Leading bug bounty platform providers are asking the security community to provide input into the new UK government consultation on computer misuse legislation.
With only two weeks left before the deadline for submissions for review of the Computer Misuse Act 1990, Bugcrowd fears ethical hackers will be left behind when the updated law is published. I am concerned.
The Home Office has suggested that statutory legal defenses against bona fide hacks would “advance the whole-of-society approach to cybersecurity,” but the company claims it also recognizes the potential for unintended consequences. doing.
Read more about ethical hacking: The US government welcomes ethical hackers.
Casey Ellis, founder of Bugcrowd, said, “Inadequate legal protections against ethical hackers have the chilling effect that those who can contribute to making the Internet a safer place become afraid to do so. can have an effect.
“In Bugcrowd’s view, the UK, through a key Supreme Court decision and the DOJ’s clear commitment not to prosecute bona fide security researchers, follows the same policy as the United States, which has made clear the protection of legitimate security research activity. We have to think along.”

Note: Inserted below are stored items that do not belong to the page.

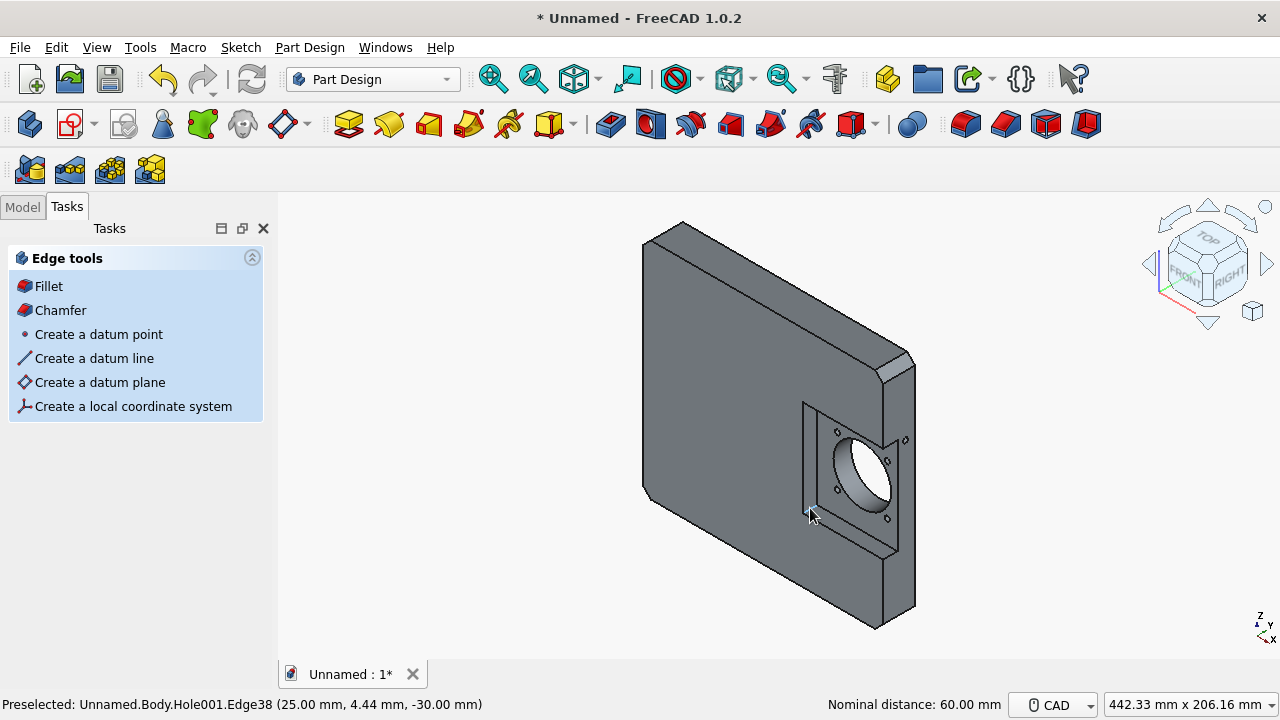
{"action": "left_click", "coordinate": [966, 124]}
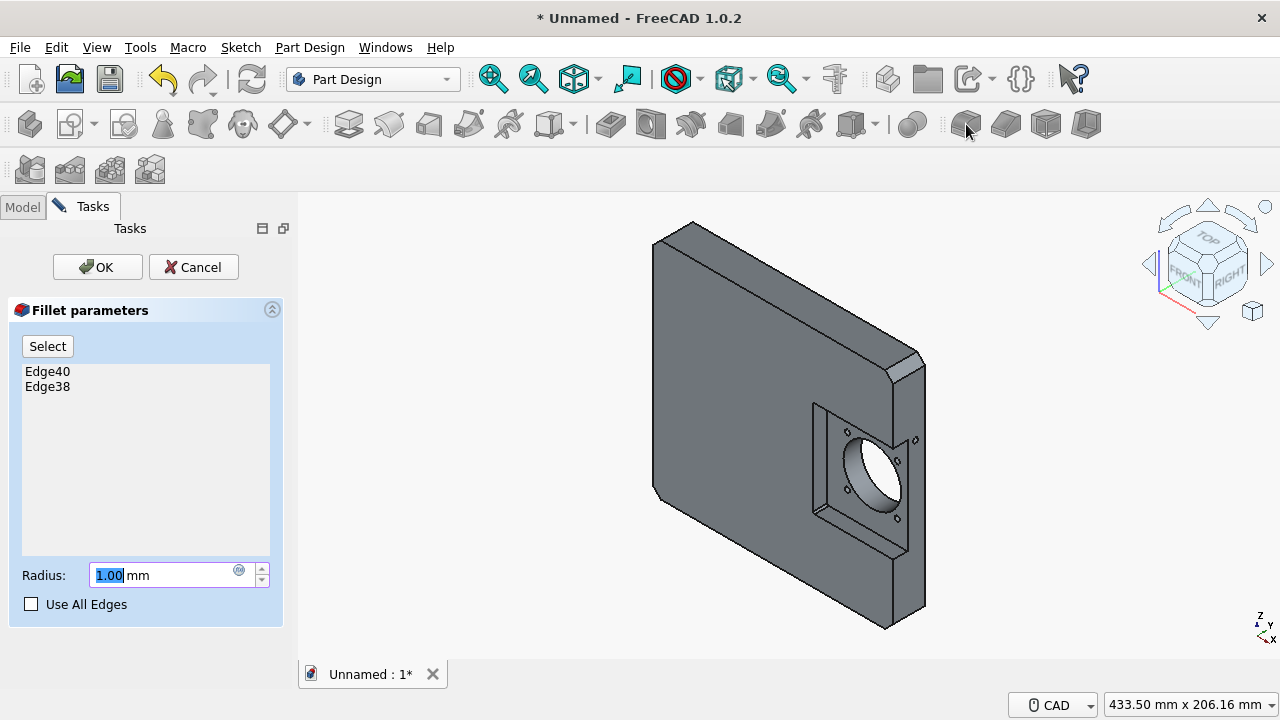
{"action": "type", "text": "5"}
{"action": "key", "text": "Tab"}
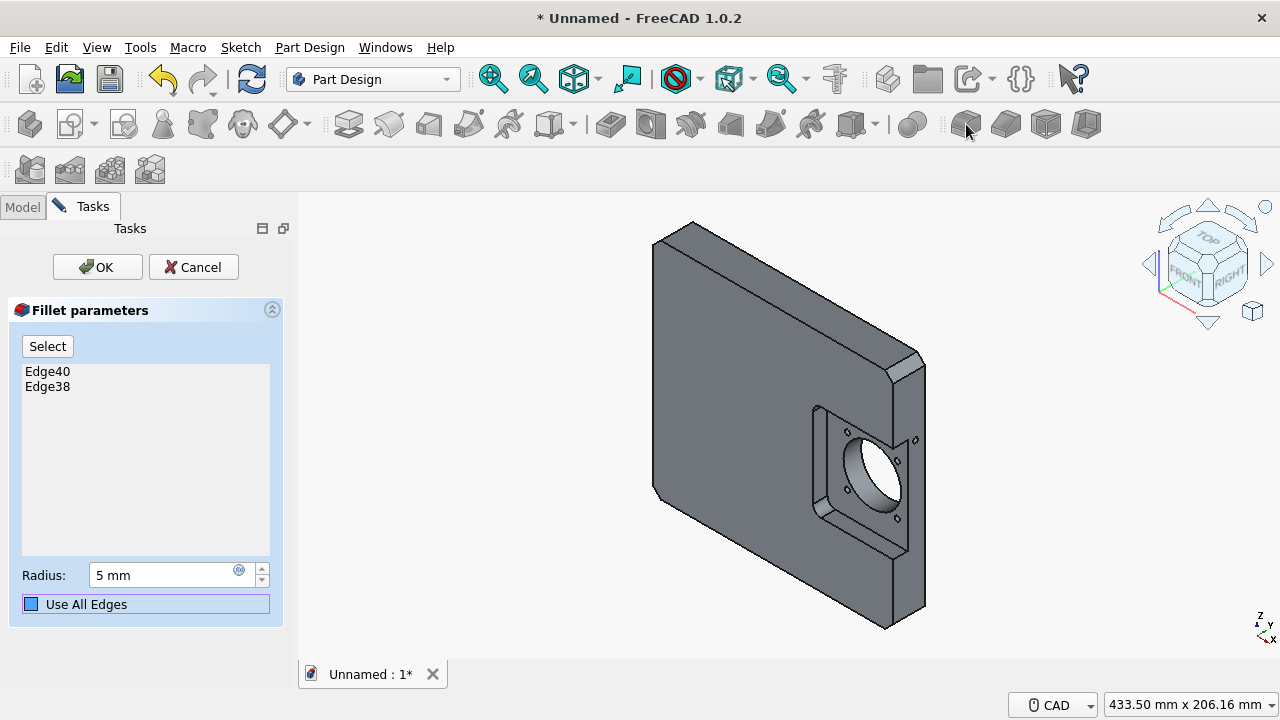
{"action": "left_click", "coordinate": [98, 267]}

Two industry groups, the Cybersecurity Policy Working Group (CPWG) and the Hacker Policy Coalition, reflect the above views in their submissions for review, but may require further feedback from individuals and companies. .
“With the rapid acceleration of technology and the massive and continuing shortage of skilled cybersecurity professionals around the world, Bugcrowd is committed to helping organizations and law enforcement to meet the needs of everyone in the ethical hacking community. We want to be able to benefit from ‘Internet Neighborhood Watch’ by encouraging others to support it,” Ellis continued.
“Ethical, well-intentioned and responsible researchers should not be placed in positions that could put them in legal jeopardy.”
The consultation will close on April 6, 2023 and submissions can be made here.
The news came as the latest Pwn2Own competition concluded in Vancouver. Over the course of three days, the participant found 27 zero-day vulnerabilities in a variety of products, including Adobe Reader, Microsoft SharePoint, and software running on the Tesla Model 3.
These discoveries will help participating vendors make their products more secure, and the winning team of ethical hackers can win over $1 million in prizes, including getting rid of their own Tesla.